### AIM OF THE TASK:
What appears from the first line of the data below through the line containing "- **name**: position", both included, should be copied exactly, and nothing else.

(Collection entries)
━━━━━━━━━━━━━━━━
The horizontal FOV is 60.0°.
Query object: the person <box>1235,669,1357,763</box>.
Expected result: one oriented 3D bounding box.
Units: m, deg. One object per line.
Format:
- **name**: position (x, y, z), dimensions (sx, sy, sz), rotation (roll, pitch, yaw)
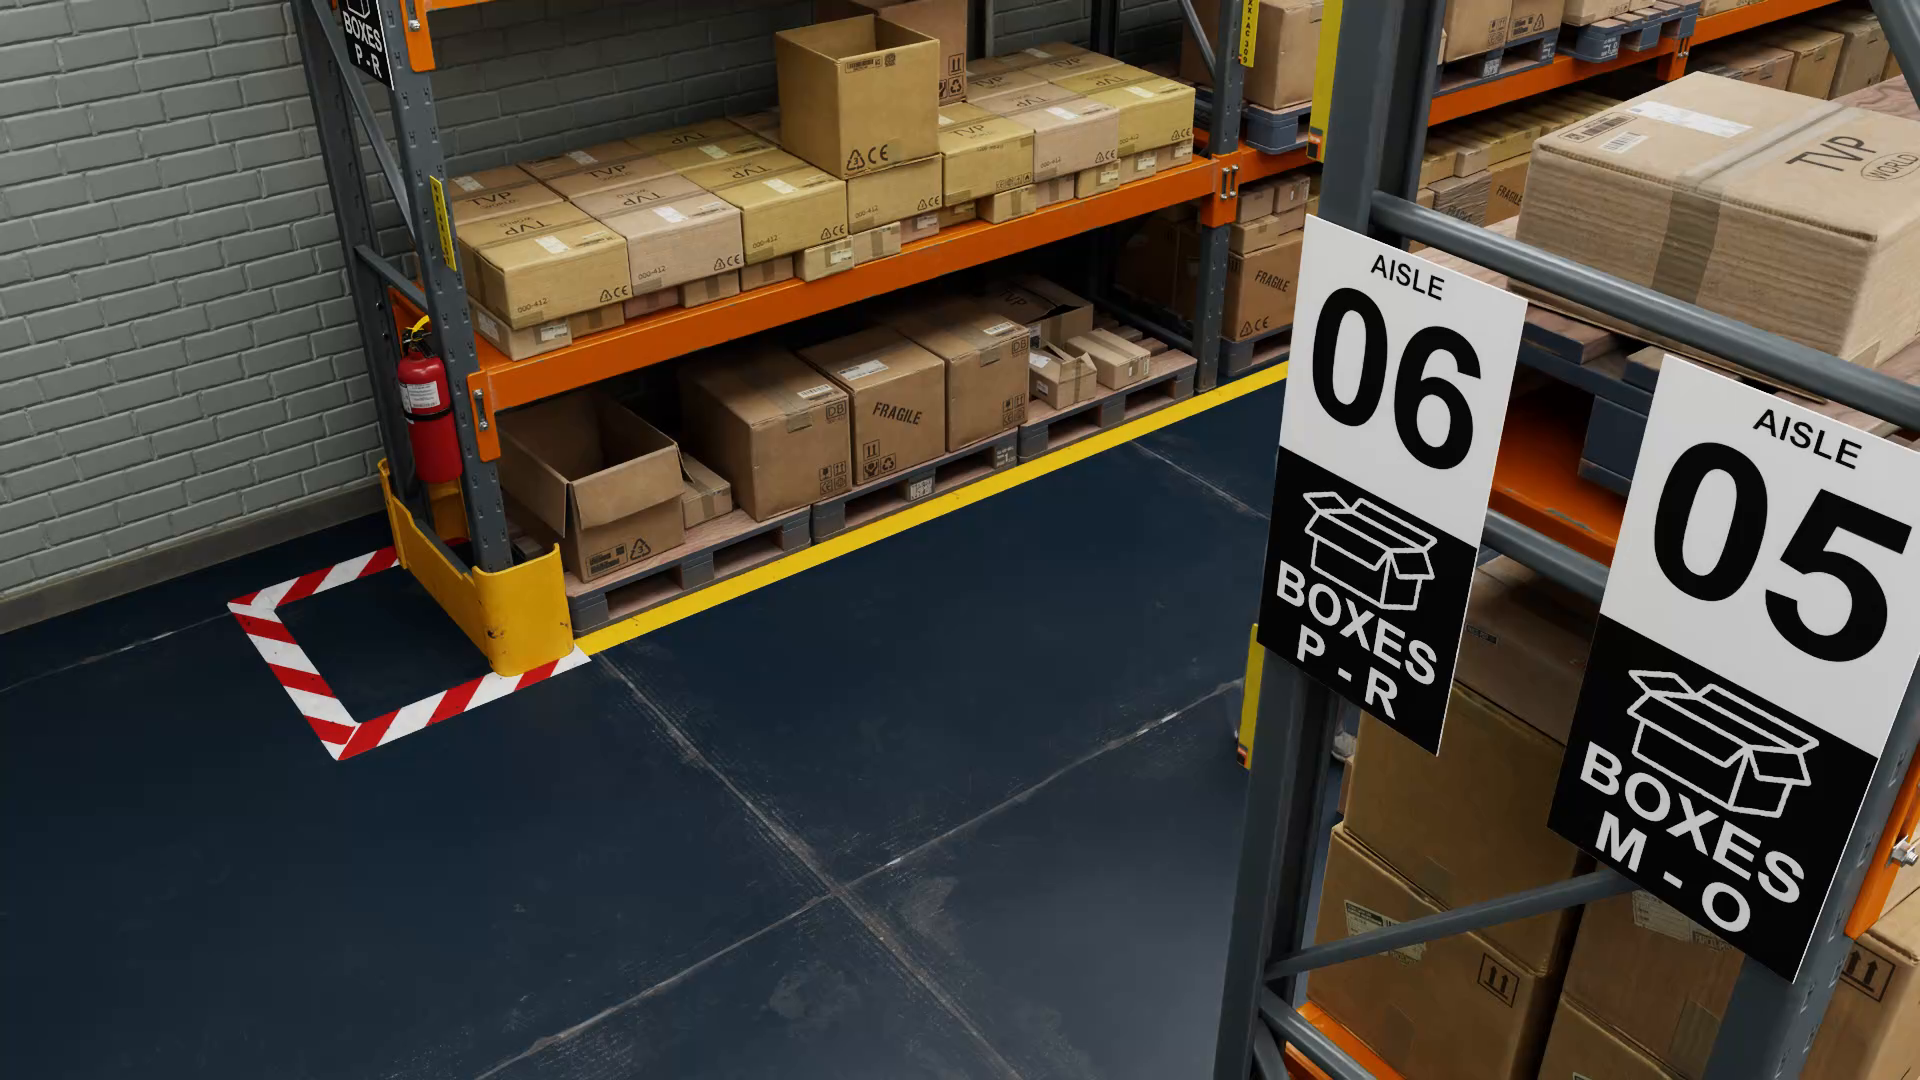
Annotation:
- **person**: position (1.309, 0.119, 5.940), dimensions (0.439, 1.683, 0.454), rotation (-21, 38, -30)
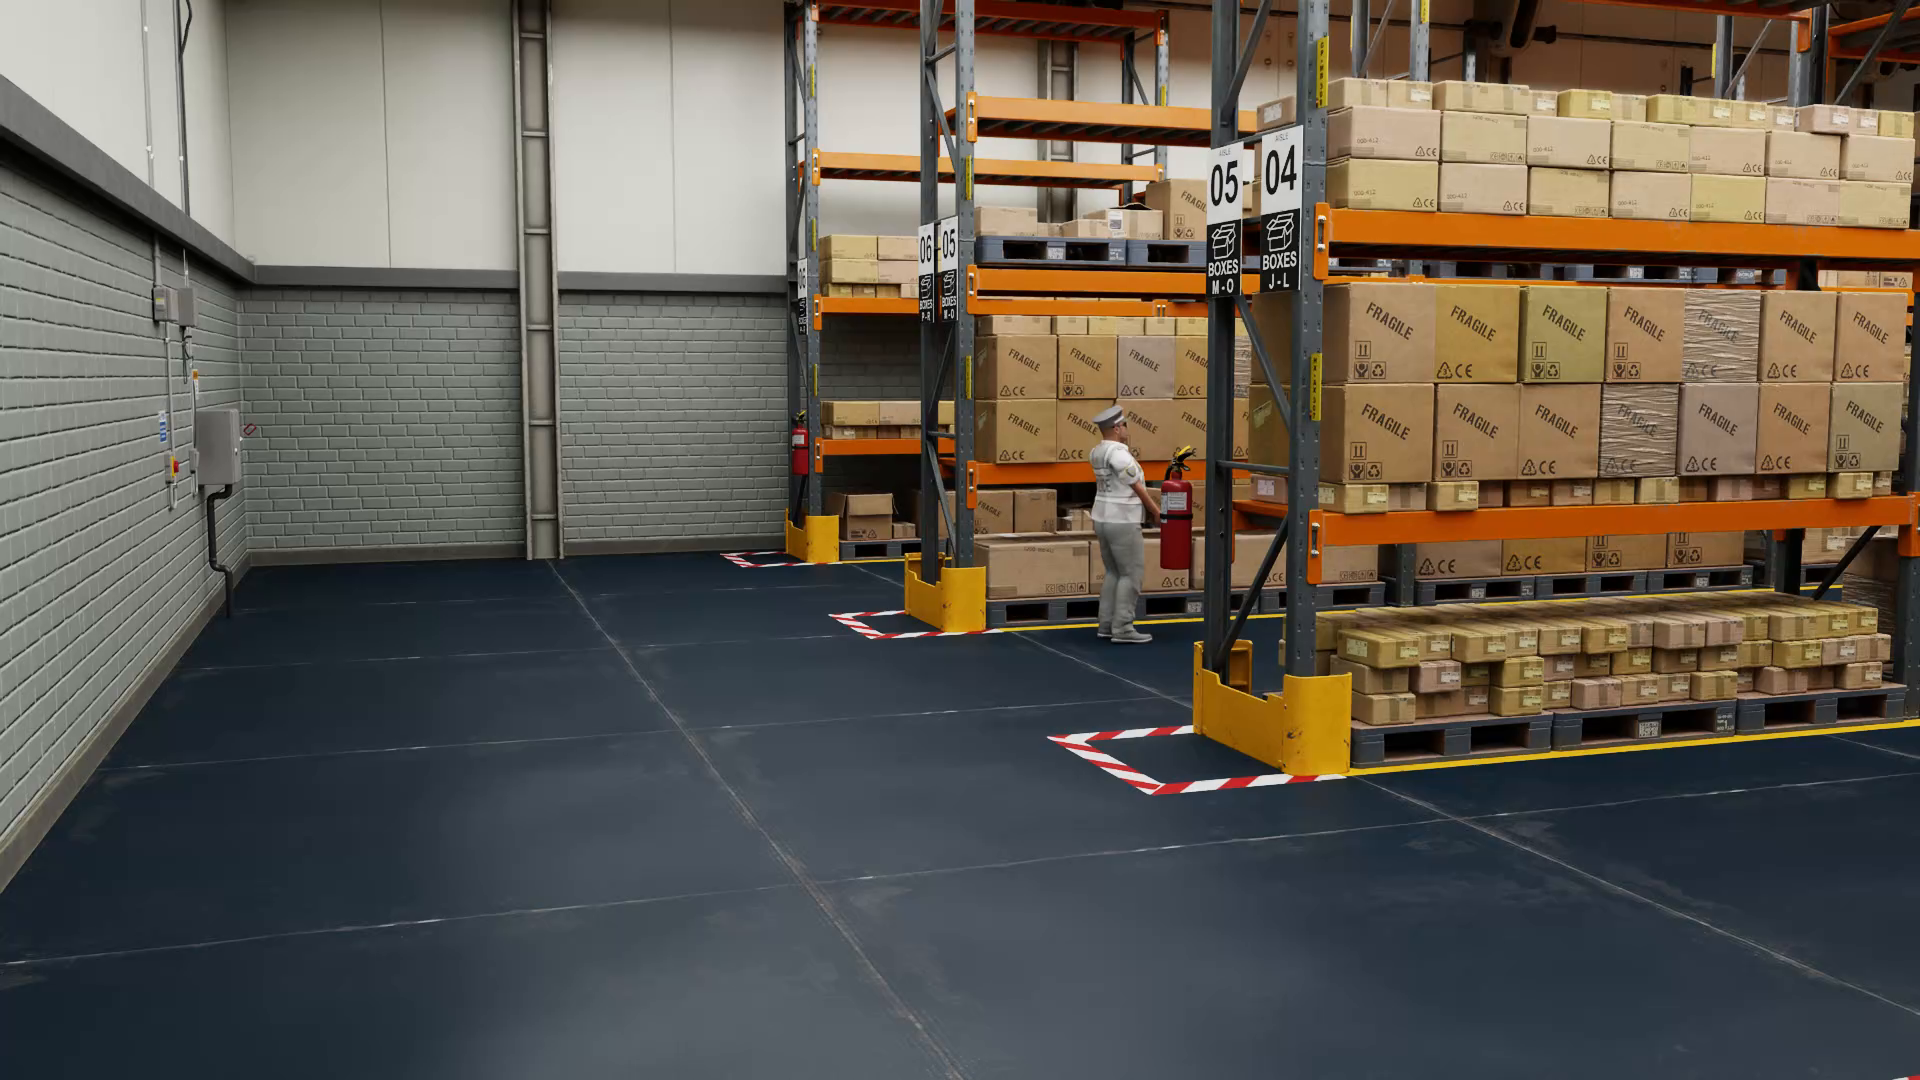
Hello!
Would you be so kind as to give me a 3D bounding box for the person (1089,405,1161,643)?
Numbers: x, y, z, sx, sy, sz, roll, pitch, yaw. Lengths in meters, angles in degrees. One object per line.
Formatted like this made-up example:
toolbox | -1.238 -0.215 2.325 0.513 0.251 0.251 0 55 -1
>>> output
person | 1.264 -0.129 12.476 0.572 1.768 0.494 -2 6 -19
━━━━━━━━━━━━━━━━
### TASK RESULT:
The horizontal FOV is 60.0°.
Query object: the person <box>1235,669,1357,763</box>.
Expected result: one oriented 3D bounding box.
Units: m, deg. One object per line.
Format:
- **name**: position (x, y, z), dimensions (sx, sy, sz), rotation (roll, pitch, yaw)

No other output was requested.